= What you should do =
Restate the data below word for word, and let no image into your version.

= Records drawn from a dataset =

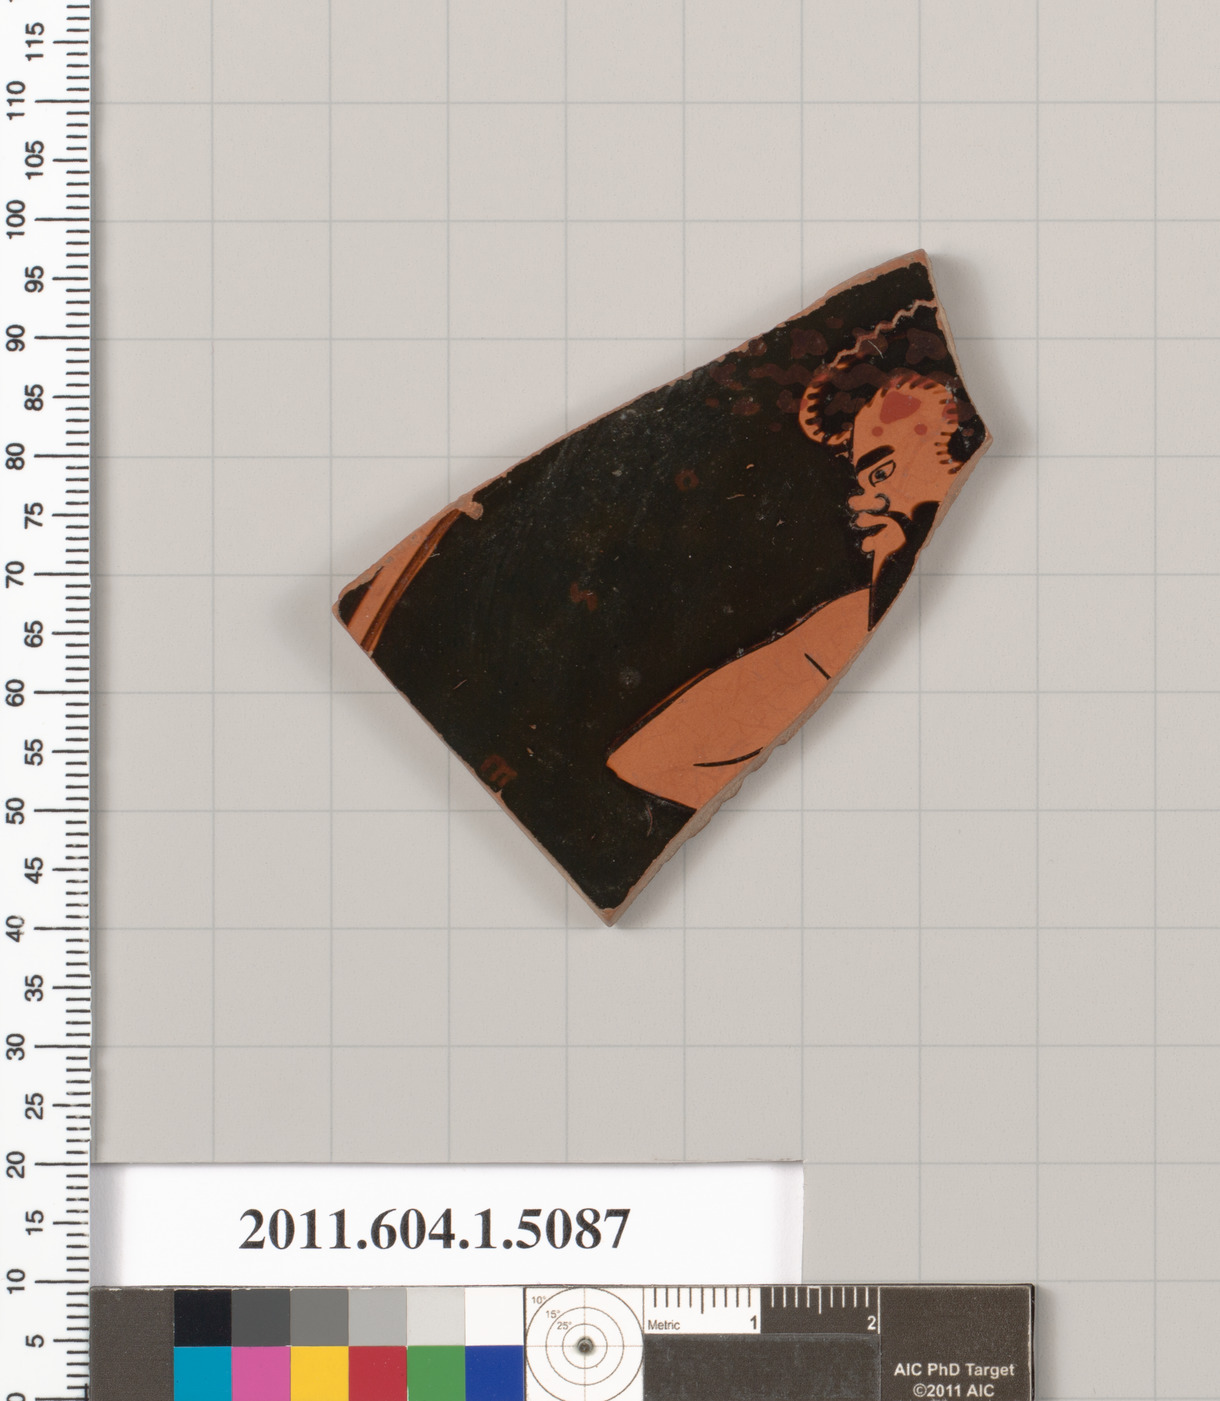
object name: kylix fragment
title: Terracotta fragment of a kylix (drinking cup)
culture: greek, attic
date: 520-500 BCE
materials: terracotta
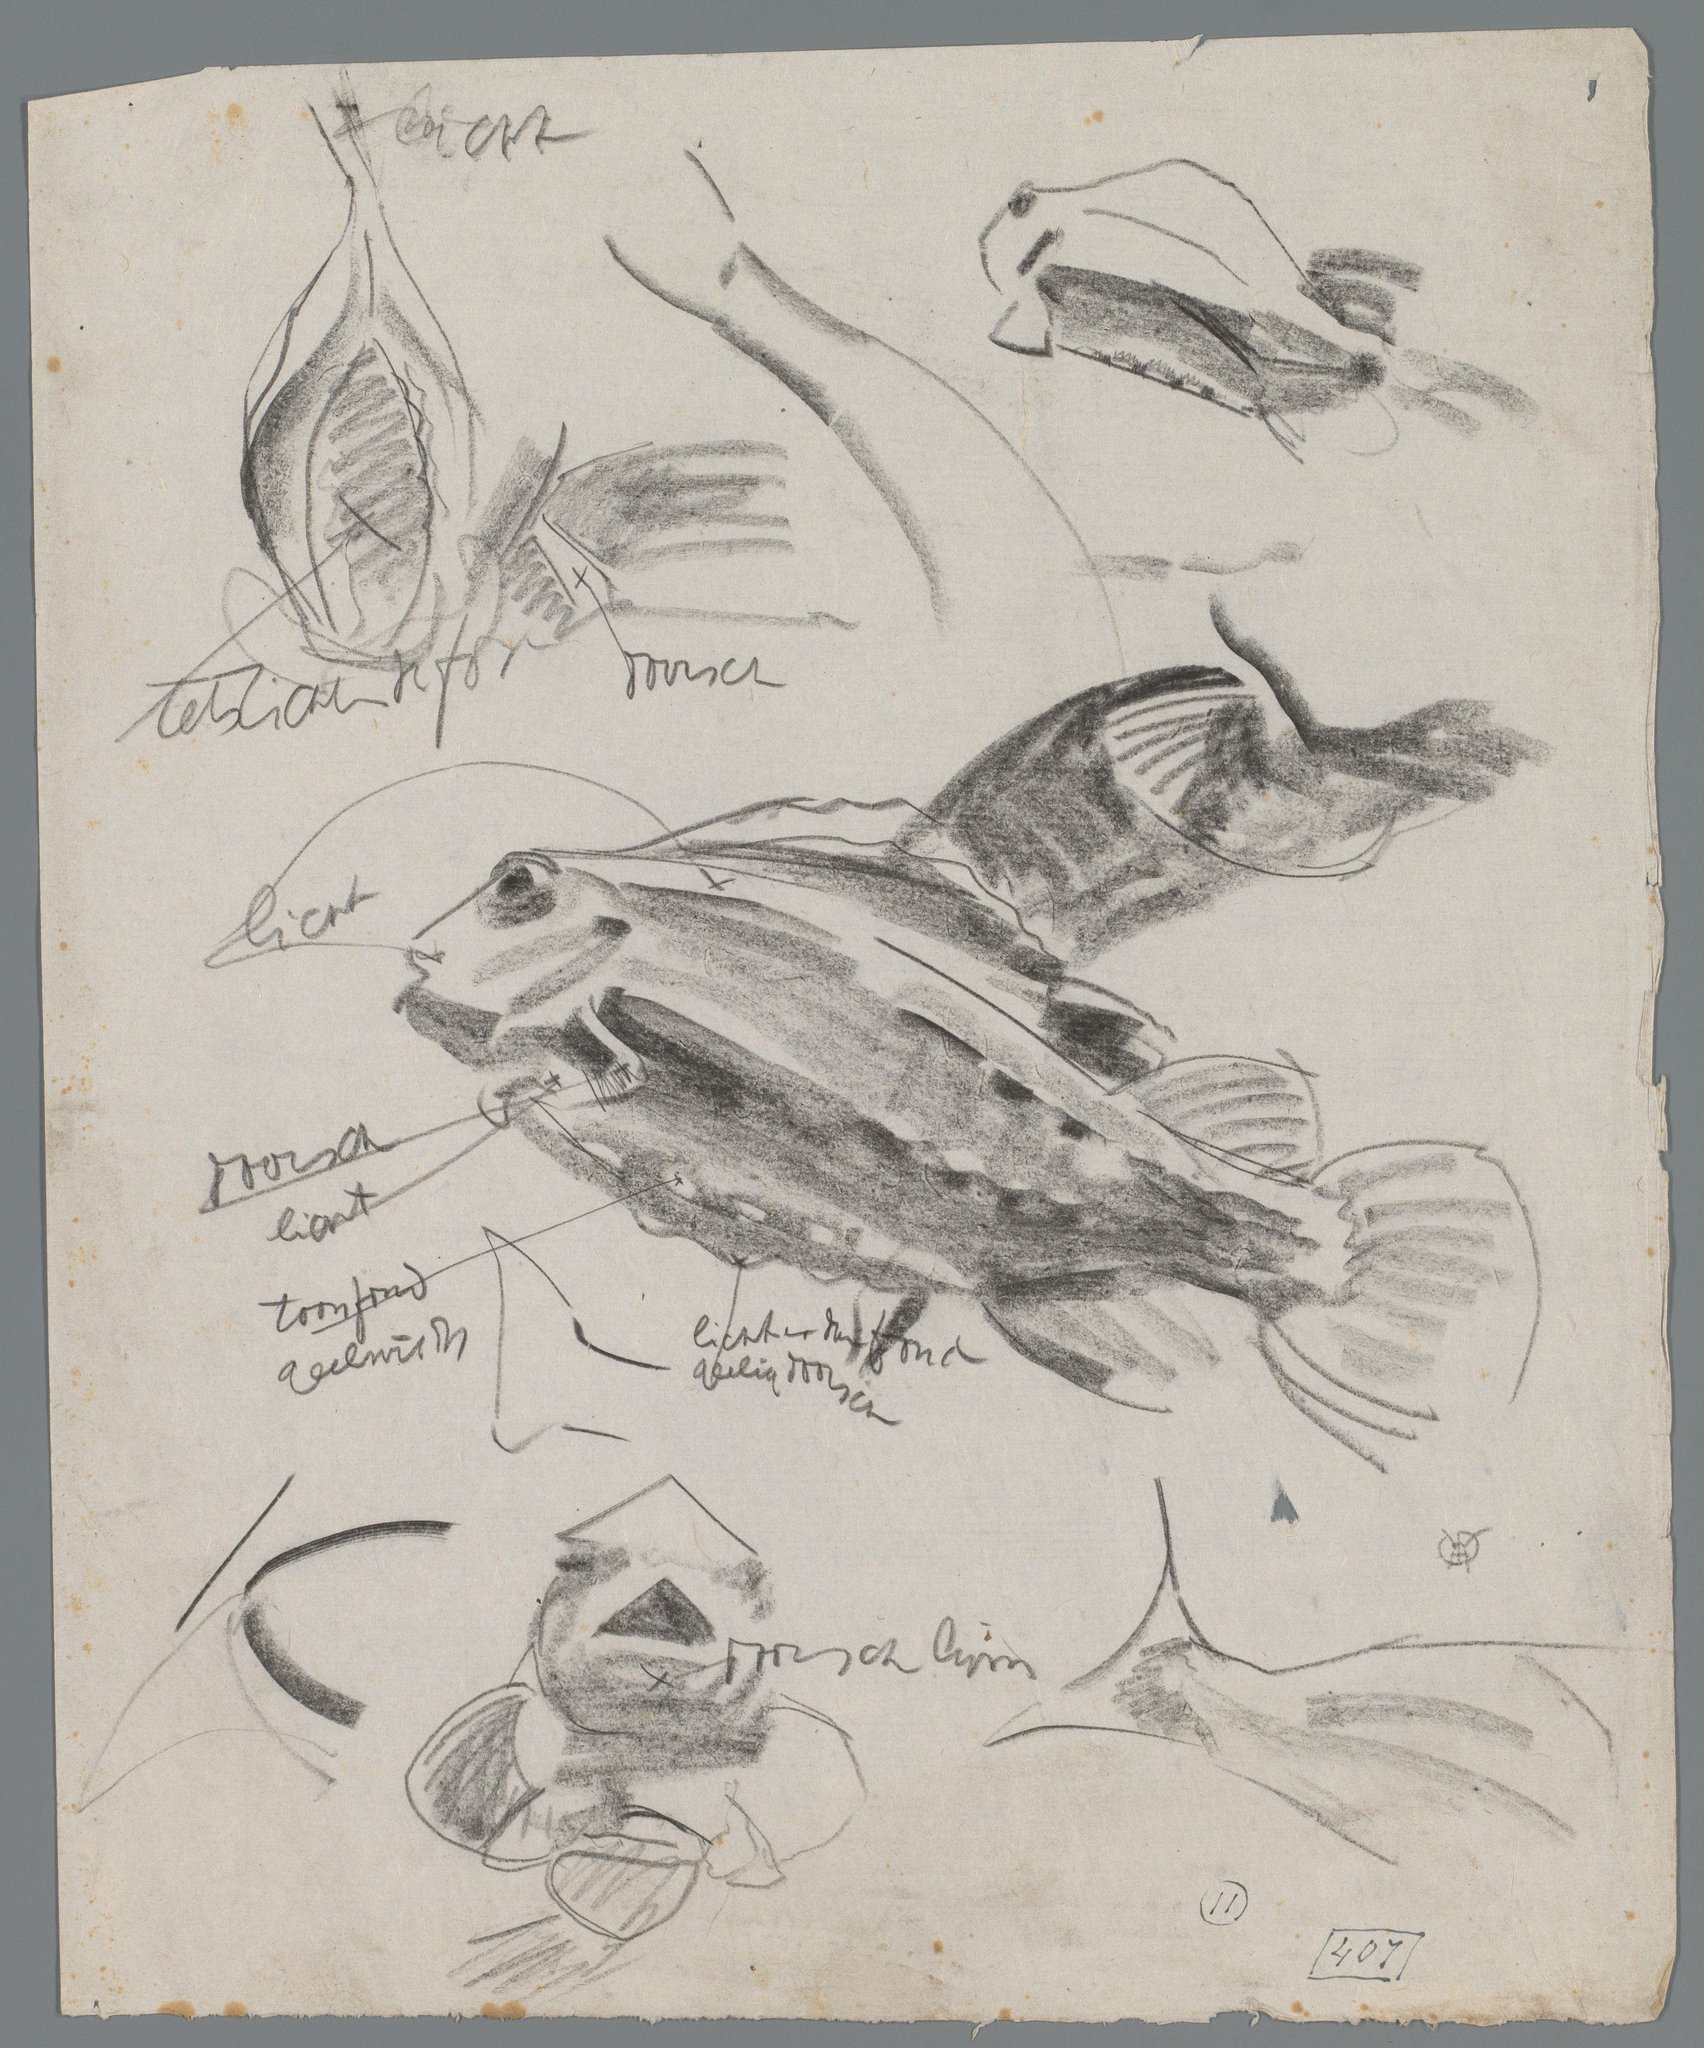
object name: drawing
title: Studies van een vis
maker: gerrit willem dijsselhof
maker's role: designer, draughtsman, print maker
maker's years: 1866-1924
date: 1876-1924
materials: chalk, paper
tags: fishes
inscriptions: number: ‘11’, number: ‘407’

= Written solution =
object name: kylix fragment
title: Terracotta fragment of a kylix (drinking cup)
culture: greek, attic
date: 520-500 BCE
materials: terracotta
object name: drawing
title: Studies van een vis
maker: gerrit willem dijsselhof
maker's role: designer, draughtsman, print maker
maker's years: 1866-1924
date: 1876-1924
materials: chalk, paper
tags: fishes
inscriptions: number: ‘11’, number: ‘407’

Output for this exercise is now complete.